* [Your task] The result should be an exact copy of the entries below, free of pictures.

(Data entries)
*****
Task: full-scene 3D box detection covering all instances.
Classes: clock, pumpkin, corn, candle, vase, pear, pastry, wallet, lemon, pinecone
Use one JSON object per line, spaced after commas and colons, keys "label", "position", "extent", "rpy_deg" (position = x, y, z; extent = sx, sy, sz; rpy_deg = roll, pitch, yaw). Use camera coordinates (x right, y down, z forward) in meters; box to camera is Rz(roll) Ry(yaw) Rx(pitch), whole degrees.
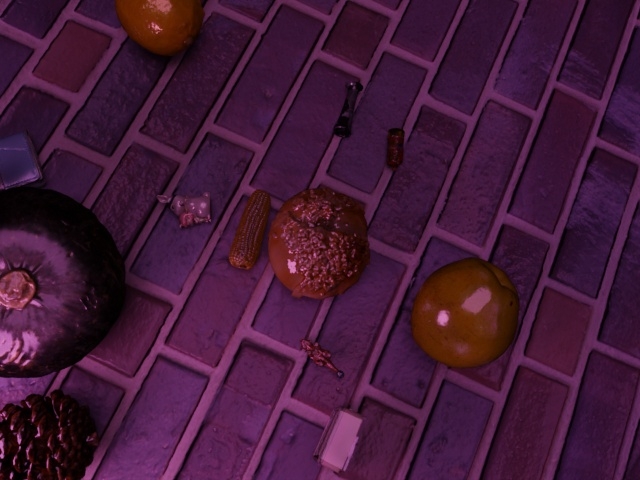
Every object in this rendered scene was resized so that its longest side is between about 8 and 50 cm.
{"label": "clock", "position": [0.046, 0.488, 1.484], "extent": [0.071, 0.192, 0.147], "rpy_deg": [25, 74, 3]}
{"label": "pumpkin", "position": [-0.695, 0.098, 1.438], "extent": [0.453, 0.344, 0.455], "rpy_deg": [0, 89, -13]}
{"label": "corn", "position": [-0.190, -0.029, 1.666], "extent": [0.080, 0.080, 0.231], "rpy_deg": [17, 71, -1]}
{"label": "candle", "position": [0.222, -0.267, 1.789], "extent": [0.051, 0.052, 0.131], "rpy_deg": [8, 74, -4]}
{"label": "vase", "position": [0.083, -0.396, 1.806], "extent": [0.059, 0.059, 0.167], "rpy_deg": [15, 73, -2]}
{"label": "pear", "position": [0.371, 0.192, 1.561], "extent": [0.294, 0.294, 0.295], "rpy_deg": [2, 74, -6]}
{"label": "pastry", "position": [0.000, 0.000, 1.620], "extent": [0.284, 0.184, 0.316], "rpy_deg": [9, 74, -3]}
{"label": "wallet", "position": [-0.896, -0.186, 1.633], "extent": [0.250, 0.075, 0.176], "rpy_deg": [-21, 79, -13]}
{"label": "lemon", "position": [-0.467, -0.665, 1.737], "extent": [0.233, 0.233, 0.288], "rpy_deg": [-41, 74, -15]}
{"label": "pinecone", "position": [-0.652, 0.465, 1.406], "extent": [0.272, 0.224, 0.224], "rpy_deg": [2, 74, 7]}

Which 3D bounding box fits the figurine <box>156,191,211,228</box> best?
{"label": "figurine", "position": [-0.375, -0.084, 1.657], "extent": [0.146, 0.081, 0.098], "rpy_deg": [-2, 75, -7]}

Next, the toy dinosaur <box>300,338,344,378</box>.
{"label": "toy dinosaur", "position": [0.002, 0.312, 1.598], "extent": [0.154, 0.055, 0.049], "rpy_deg": [40, 71, 14]}
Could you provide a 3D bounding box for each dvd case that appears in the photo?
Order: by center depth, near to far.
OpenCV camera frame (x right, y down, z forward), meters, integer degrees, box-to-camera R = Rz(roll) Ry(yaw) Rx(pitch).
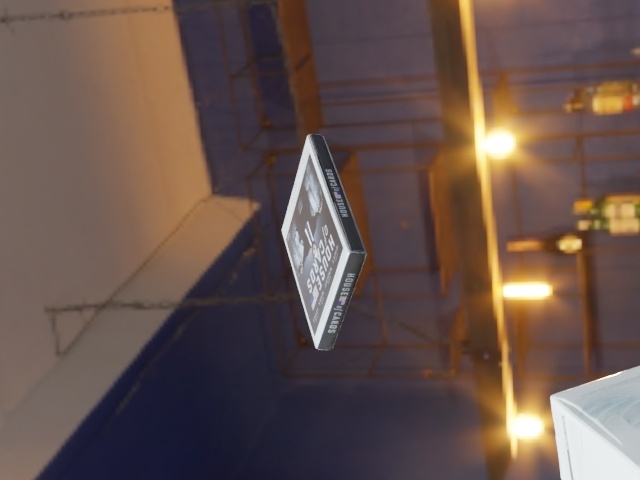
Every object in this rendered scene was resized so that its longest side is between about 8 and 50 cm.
[{"bbox_3d":[0.000,0.000,1.620,0.239,0.029,0.179,-107,26,-45],"label":"dvd case"}]

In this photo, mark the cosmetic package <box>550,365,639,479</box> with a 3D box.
[{"bbox_3d":[0.440,0.256,1.488,0.224,0.224,0.138,-137,33,-66],"label":"cosmetic package"}]
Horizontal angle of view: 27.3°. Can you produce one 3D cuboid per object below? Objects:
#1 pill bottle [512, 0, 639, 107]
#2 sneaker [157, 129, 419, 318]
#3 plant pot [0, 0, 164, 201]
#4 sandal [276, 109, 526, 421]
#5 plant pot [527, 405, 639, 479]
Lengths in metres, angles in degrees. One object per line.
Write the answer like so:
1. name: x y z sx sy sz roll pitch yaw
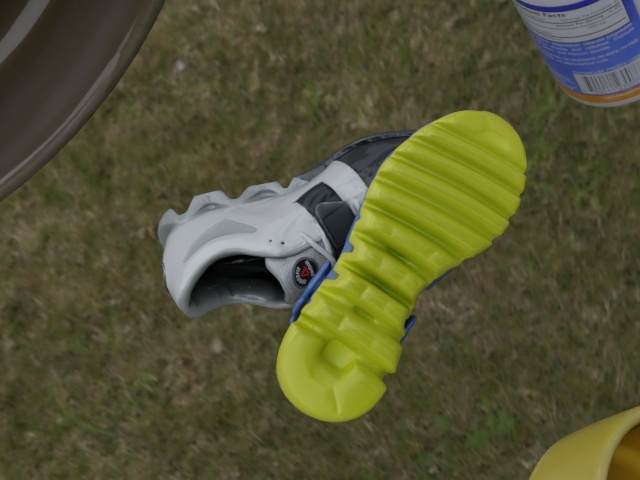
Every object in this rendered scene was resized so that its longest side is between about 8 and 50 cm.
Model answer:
*****
* [Exercise response]
Task: full-scene 3D box detection covering all instances.
Classes: clock, pumpkin, corn, candle, vase, pear, pastry, wallet, lemon, pinecone
Use one JSON object per line, spaced after commas and colons, keys "label", "position", "extent", "rpy_deg" (position = x, y, z; extent = sx, sy, sz; rpy_deg = roll, pitch, yaw). Use camera coordinates (x right, y down, z forward) in meters; box to camera is Rz(roll) Ry(yaw) Rx(pitch), whole degrees.
Every object in this rendered scene was resized so that its longest side is between about 8 and 50 cm.
{"label": "clock", "position": [0.046, 0.488, 1.484], "extent": [0.071, 0.192, 0.147], "rpy_deg": [25, 74, 3]}
{"label": "pumpkin", "position": [-0.695, 0.098, 1.438], "extent": [0.453, 0.344, 0.455], "rpy_deg": [0, 89, -13]}
{"label": "corn", "position": [-0.190, -0.029, 1.666], "extent": [0.080, 0.080, 0.231], "rpy_deg": [17, 71, -1]}
{"label": "candle", "position": [0.222, -0.267, 1.789], "extent": [0.051, 0.052, 0.131], "rpy_deg": [8, 74, -4]}
{"label": "vase", "position": [0.083, -0.396, 1.806], "extent": [0.059, 0.059, 0.167], "rpy_deg": [15, 73, -2]}
{"label": "pear", "position": [0.371, 0.192, 1.561], "extent": [0.294, 0.294, 0.295], "rpy_deg": [2, 74, -6]}
{"label": "pastry", "position": [0.000, 0.000, 1.620], "extent": [0.284, 0.184, 0.316], "rpy_deg": [9, 74, -3]}
{"label": "wallet", "position": [-0.896, -0.186, 1.633], "extent": [0.250, 0.075, 0.176], "rpy_deg": [-21, 79, -13]}
{"label": "lemon", "position": [-0.467, -0.665, 1.737], "extent": [0.233, 0.233, 0.288], "rpy_deg": [-41, 74, -15]}
{"label": "pinecone", "position": [-0.652, 0.465, 1.406], "extent": [0.272, 0.224, 0.224], "rpy_deg": [2, 74, 7]}

Which 3D bounding box fits the figurine <box>156,191,211,228</box> best?
{"label": "figurine", "position": [-0.375, -0.084, 1.657], "extent": [0.146, 0.081, 0.098], "rpy_deg": [-2, 75, -7]}

Next, the toy dinosaur <box>300,338,344,378</box>.
{"label": "toy dinosaur", "position": [0.002, 0.312, 1.598], "extent": [0.154, 0.055, 0.049], "rpy_deg": [40, 71, 14]}
Could you provide a 3D bounding box for each dvd case that appears in the photo?
Order: by center depth, near to far.
OpenCV camera frame (x right, y down, z forward), meters, integer degrees, box-to-camera R = Rz(roll) Ry(yaw) Rx(pitch).
Every object in this rendered scene was resized so that its longest side is between about 8 and 50 cm.
[{"bbox_3d":[0.000,0.000,1.620,0.239,0.029,0.179,-107,26,-45],"label":"dvd case"}]

In this photo, mark the cosmetic package <box>550,365,639,479</box> with a 3D box.
[{"bbox_3d":[0.440,0.256,1.488,0.224,0.224,0.138,-137,33,-66],"label":"cosmetic package"}]
Horizontal angle of view: 27.3°. Can you produce one 3D cuboid per object below? Objects:
#1 pill bottle [512, 0, 639, 107]
#2 sneaker [157, 129, 419, 318]
#3 plant pot [0, 0, 164, 201]
#4 sandal [276, 109, 526, 421]
#5 plant pot [527, 405, 639, 479]
Lengths in metres, angles in degrees. One object per line.
Write the answer like so:
1. name: x y z sx sy sz roll pitch yaw
Every object in this rendered scene was resized so that its longest side is between about 8 and 50 cm.
Model answer:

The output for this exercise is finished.